Researchers Improve Hadronic Collision Modeling with Event Generators for High-energy Physics Analyses

Event generators are fundamental tools in both high-energy and astroparticle physics, underpinning analyses ranging from simple observations to complex deep learning applications, yet accurately modelling hadronic interactions remains a significant challenge. Johannes Albrecht, Julia Becker Tjus, Noah Behling, and colleagues present a new approach to refine these models, recognising a critical disconnect between accelerator-based experiments and astroparticle observations. Current event generators, typically tuned using data from particle colliders, often fail to adequately describe astroparticle data, which probes higher energy ranges and different production angles of resulting particles. This work establishes a roadmap for unifying these two datasets, enabling a more comprehensive and accurate tuning of event generators and ultimately improving our understanding of fundamental particle interactions across a broader range of energies and conditions.
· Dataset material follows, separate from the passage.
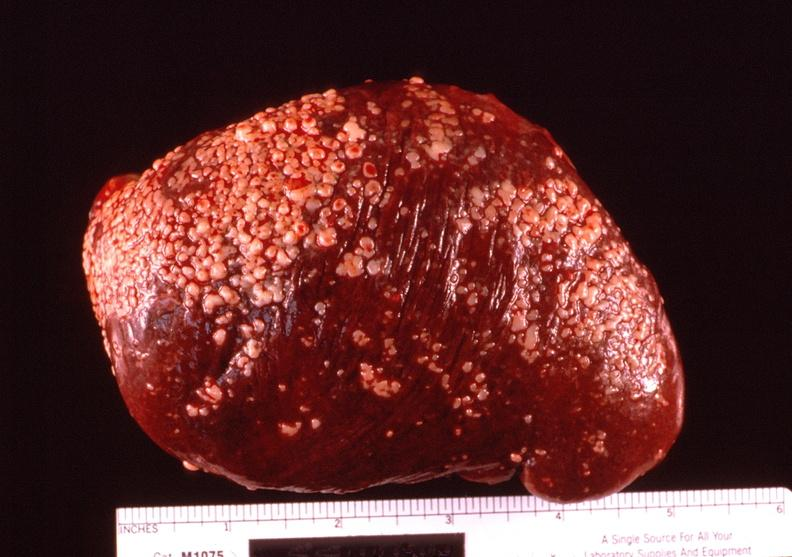what does this image show?
Answer the question using a single word or phrase. Spleen

High Energy Particle Interactions and Cross Sections

Researchers are meticulously cataloging data from numerous experiments investigating high-energy particle interactions, crucial for understanding both fundamental physics and the origins of cosmic rays. These studies focus on measuring the probability of particle interactions, known as cross-sections, and identifying the particles created in these collisions, including pions, kaons, and protons. Experiments span a broad energy range, allowing scientists to probe particle behavior at increasingly high energies. This comprehensive collection of data forms the foundation for developing and refining theoretical models of particle interactions, essential for interpreting experimental results and predicting new phenomena. The research highlights the importance of experiments conducted at facilities like CERN, which provide high-intensity particle beams for detailed studies of these interactions.
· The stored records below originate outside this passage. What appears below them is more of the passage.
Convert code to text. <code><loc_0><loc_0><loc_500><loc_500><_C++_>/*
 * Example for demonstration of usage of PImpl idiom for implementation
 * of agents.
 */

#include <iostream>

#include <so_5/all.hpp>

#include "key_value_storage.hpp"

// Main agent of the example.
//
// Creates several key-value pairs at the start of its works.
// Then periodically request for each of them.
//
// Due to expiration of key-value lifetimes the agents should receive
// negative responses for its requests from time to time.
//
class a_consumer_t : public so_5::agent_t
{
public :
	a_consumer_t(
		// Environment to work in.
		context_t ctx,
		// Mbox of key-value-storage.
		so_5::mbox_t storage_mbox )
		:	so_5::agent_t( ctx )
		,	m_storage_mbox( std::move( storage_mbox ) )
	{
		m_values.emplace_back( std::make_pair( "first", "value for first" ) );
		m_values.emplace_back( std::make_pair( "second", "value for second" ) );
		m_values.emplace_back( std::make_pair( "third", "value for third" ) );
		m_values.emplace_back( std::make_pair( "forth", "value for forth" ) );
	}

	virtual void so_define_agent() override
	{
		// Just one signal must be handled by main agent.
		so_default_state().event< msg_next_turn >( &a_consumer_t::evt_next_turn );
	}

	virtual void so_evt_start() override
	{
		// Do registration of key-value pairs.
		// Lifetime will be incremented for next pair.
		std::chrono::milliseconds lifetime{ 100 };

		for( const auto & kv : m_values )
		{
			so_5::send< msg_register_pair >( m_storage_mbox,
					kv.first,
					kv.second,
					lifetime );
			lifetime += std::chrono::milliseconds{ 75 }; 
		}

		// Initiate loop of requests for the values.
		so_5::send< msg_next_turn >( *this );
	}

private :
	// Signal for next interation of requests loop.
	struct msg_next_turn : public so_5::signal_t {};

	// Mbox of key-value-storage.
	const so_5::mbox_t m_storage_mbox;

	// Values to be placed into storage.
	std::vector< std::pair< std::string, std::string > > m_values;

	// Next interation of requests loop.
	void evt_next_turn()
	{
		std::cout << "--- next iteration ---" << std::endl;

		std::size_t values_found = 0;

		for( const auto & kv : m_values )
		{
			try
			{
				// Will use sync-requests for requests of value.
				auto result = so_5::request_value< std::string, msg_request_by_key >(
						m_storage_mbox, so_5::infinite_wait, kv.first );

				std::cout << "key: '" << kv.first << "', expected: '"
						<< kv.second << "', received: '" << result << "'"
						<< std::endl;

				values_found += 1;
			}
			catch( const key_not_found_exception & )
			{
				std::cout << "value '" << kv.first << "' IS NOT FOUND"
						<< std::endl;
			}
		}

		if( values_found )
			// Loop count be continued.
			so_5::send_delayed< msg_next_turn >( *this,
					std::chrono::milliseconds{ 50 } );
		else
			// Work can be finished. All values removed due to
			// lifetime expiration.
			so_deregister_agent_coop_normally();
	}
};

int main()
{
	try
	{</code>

Hadronic Interactions and Event Generator Improvement

Event generators, vital for simulating particle interactions in both high-energy physics and astroparticle physics, require continuous refinement to accurately model observed phenomena. These programs predict the characteristics of particle collisions, informing experimental design, data analysis, and the search for rare processes. A significant challenge lies in modeling hadronic interactions at low momentum transfer, a regime where standard theoretical approaches struggle and reliance on empirical models introduces uncertainty. Currently, event generator development primarily utilizes data from accelerator-based experiments, but these often fail to accurately describe data from astroparticle experiments.
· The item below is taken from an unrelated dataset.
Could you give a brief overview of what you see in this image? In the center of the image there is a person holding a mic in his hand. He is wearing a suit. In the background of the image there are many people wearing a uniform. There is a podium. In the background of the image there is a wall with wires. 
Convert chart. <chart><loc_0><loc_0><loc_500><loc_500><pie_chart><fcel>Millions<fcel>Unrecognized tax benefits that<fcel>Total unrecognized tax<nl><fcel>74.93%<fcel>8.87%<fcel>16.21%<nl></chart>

To address this, scientists are pioneering a novel approach, integrating data from both accelerator and astroparticle experiments into a unified tuning process for event generators. This combined approach leverages the strengths of each data source, improving the accuracy of simulations across a wider range of energies and collision scenarios. Researchers carefully compare simulated events with observations from diverse experiments, including those detecting cosmic rays, neutrinos, and gamma-rays, analyzing the development of particle cascades to validate the accuracy of the models.

Unifying Collider and Astroparticle Event Simulations

Researchers have achieved a significant advancement in modeling high-energy and astroparticle physics events by unifying data from accelerator experiments and astroparticle observations. Previously, discrepancies between these two data sets hindered accurate simulations. The team discovered that existing event generators often fail to accurately describe astroparticle data, particularly regarding hadrons produced at high energies and specific angles. This work establishes a roadmap for simultaneously tuning event generators using both accelerator-based and astroparticle data, enabling a more comprehensive and accurate representation of hadronic interactions.

The study presents a detailed comparison of five leading event generators, highlighting their theoretical foundations and tuning capabilities. Results demonstrate that each generator employs distinct approaches to modeling particle production, ranging from parton-based models to Gribov Regge theory. Effective tuning is critical for accurate simulations, and researchers emphasize that incorporating data from both accelerator experiments and astroparticle observations significantly improves the accuracy of event generators, paving the way for more reliable simulations of high-energy phenomena.

Unified Tuning Bridges Particle and Astroparticle Data

This work demonstrates the potential for a unified tuning of event generators by combining data from high-energy physics experiments at accelerators and astroparticle experiments. Currently, event generators are primarily tuned using accelerator data, but often fail to accurately describe data from astroparticle experiments, which probe higher energy ranges and different collision characteristics. The authors highlight that incorporating data from both sources could significantly improve the accuracy and reliability of these models across a broader spectrum of energies and collision types. The research identifies technical challenges in achieving this unified tuning, particularly the need for improved software tools capable of handling data from diverse experiments.

While extending existing software presents one path forward, developing a new translator specifically designed for this purpose offers advantages in flexibility and development speed. The authors acknowledge a potential circular dependency when simultaneously tuning event generators and cosmic ray composition models, but propose solutions to mitigate this issue. Future work will focus on addressing these technical hurdles and refining the tuning process to fully exploit the complementary nature of accelerator and astroparticle data.